Late last week, the U.S. Department of Labor took an important step forward for its transgender employees by adding gender identity to the department's internal equal employment opportunity (EEO) policies. The Labor Department will now explicitly prohibit employment discrimination on the basis of gender identity, as well as pregnancy, under existing bans on sex discrimination.

In announcing the updated EEO policy, Labor Secretary Hilda Solis said, "I am expressing my personal commitment to ensure that the U.S. Department of Labor is a model workplace, free from unlawful discrimination and harassment, which fosters a work environment that fully utilizes the capabilities of every employee."
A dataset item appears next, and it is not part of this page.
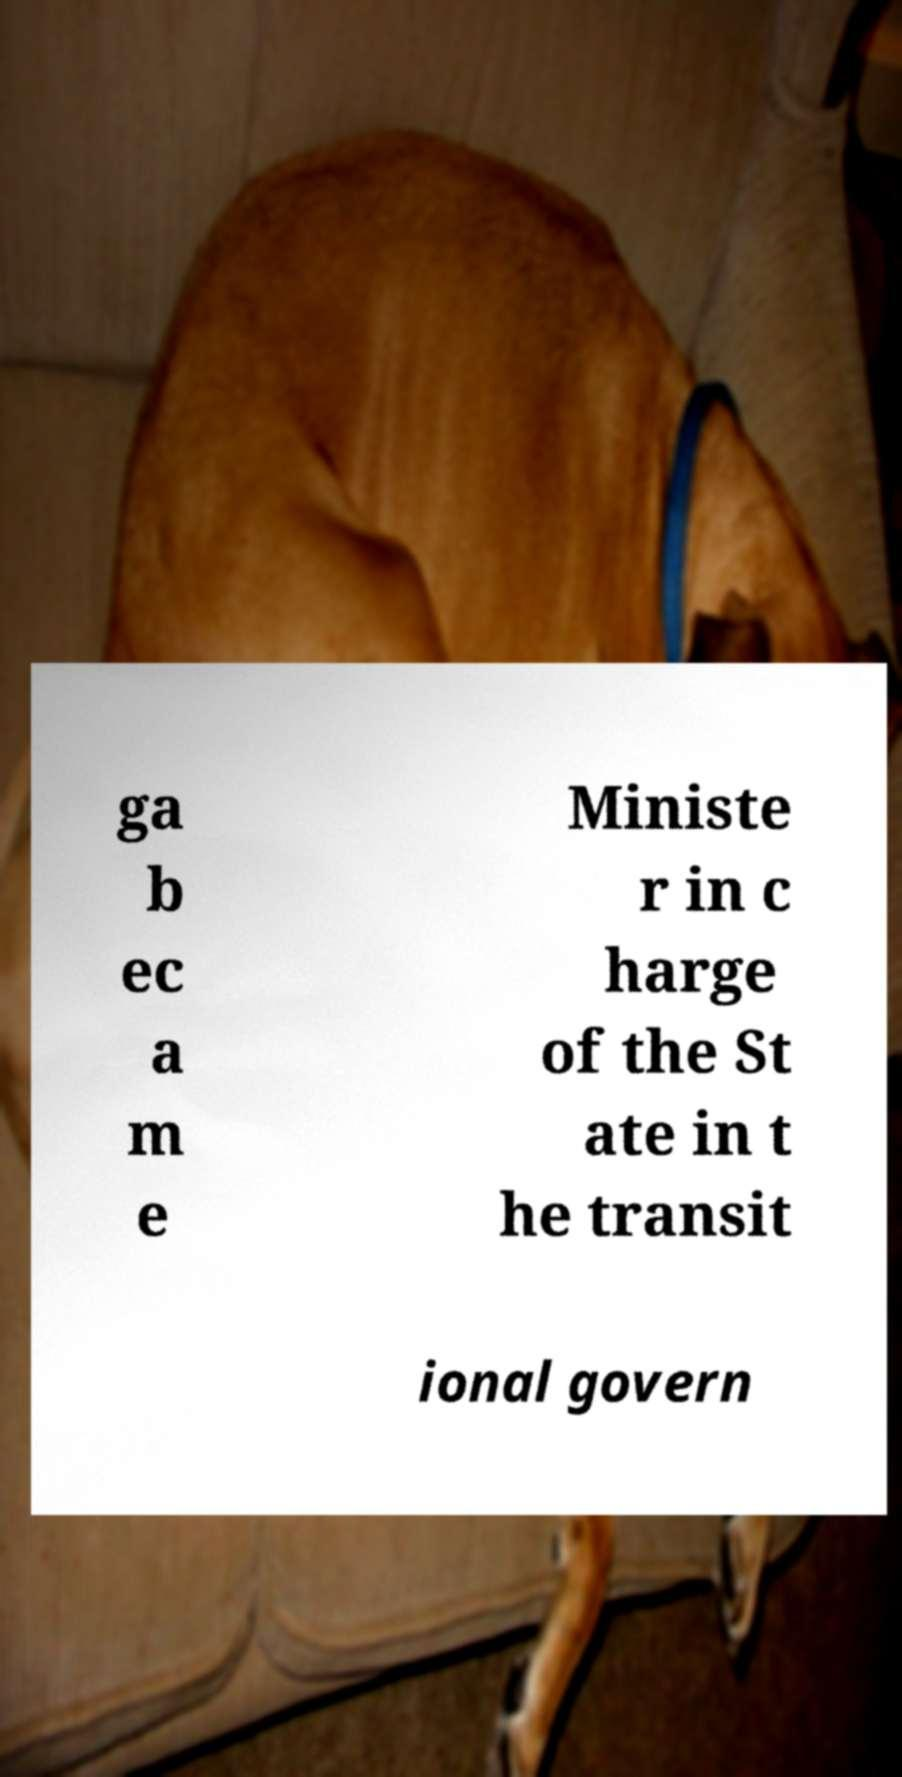For documentation purposes, I need the text within this image transcribed. Could you provide that? ga b ec a m e Ministe r in c harge of the St ate in t he transit ional govern

In addition to the recently updated Labor Department EEO policies, beginning in January 2010, the federal government started to list gender identity in the EEO policy for all federal jobs on www.usajobs.gov. By explicitly including gender identity as a protected class under EEO policies, the federal government made an important commitment to protecting transgender federal employees and took a significant step toward ending employment discrimination of LGBT people in the federal workforce.
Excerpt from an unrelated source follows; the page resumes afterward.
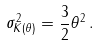<formula> <loc_0><loc_0><loc_500><loc_500>\sigma ^ { 2 } _ { K ( \theta ) } = \frac { 3 } { 2 } \theta ^ { 2 } \, .</formula>

Also of note, the three federal agencies and departments that have the greatest responsibility for protecting federal employees from discrimination on the job — the Office of Personnel Management (OPM), the Equal Employment Opportunity Commission (EEOC) and the Justice Department's Civil Rights Division — have all adopted internal EEO/non-discrimination policies that offer similar protections to their transgender employees. Included in this growing list as well are the Department of Health and Human Services (HHS) and the Postal Service.

Increasingly, federal agencies and departments, combined with an ever-growing list of private companies, as well as various state and local governments, are all arriving at the same conclusion — that a person's gender identity or sexual orientation has absolutely no bearing on the ability to be a great employee. However, while this is a promising trend in the country, it remains legal to fire or refuse to hire someone for being lesbian, gay or bisexual in 29 states, while transgender workers can legally be denied or refused jobs in 37 states.

The need for Congress to pass the long-overdue Employment Non-Discrimination Act (ENDA - H.R. 1397 and S. 811) could not be stronger. It is simply jaw-dropping that in our country in the year 2011 there is a group of people who, when they go to work, are forced to deny their families and loved ones and hide who they are for fear of losing their livelihood. ENDA will allow all American workers who stand side-by-side at the workplace and contribute with equal measure in their jobs to also stand on the same equal footing under the law by prohibiting employment discrimination based on sexual orientation and gender identity in most American workplaces.

While the struggle for passage of ENDA continues in Congress, steps like those by Secretary Solis and the Labor Department help add important protections for current and future transgender employees, and send the unmistakable message that anti-LGBT employment discrimination has absolutely no place in the federal government.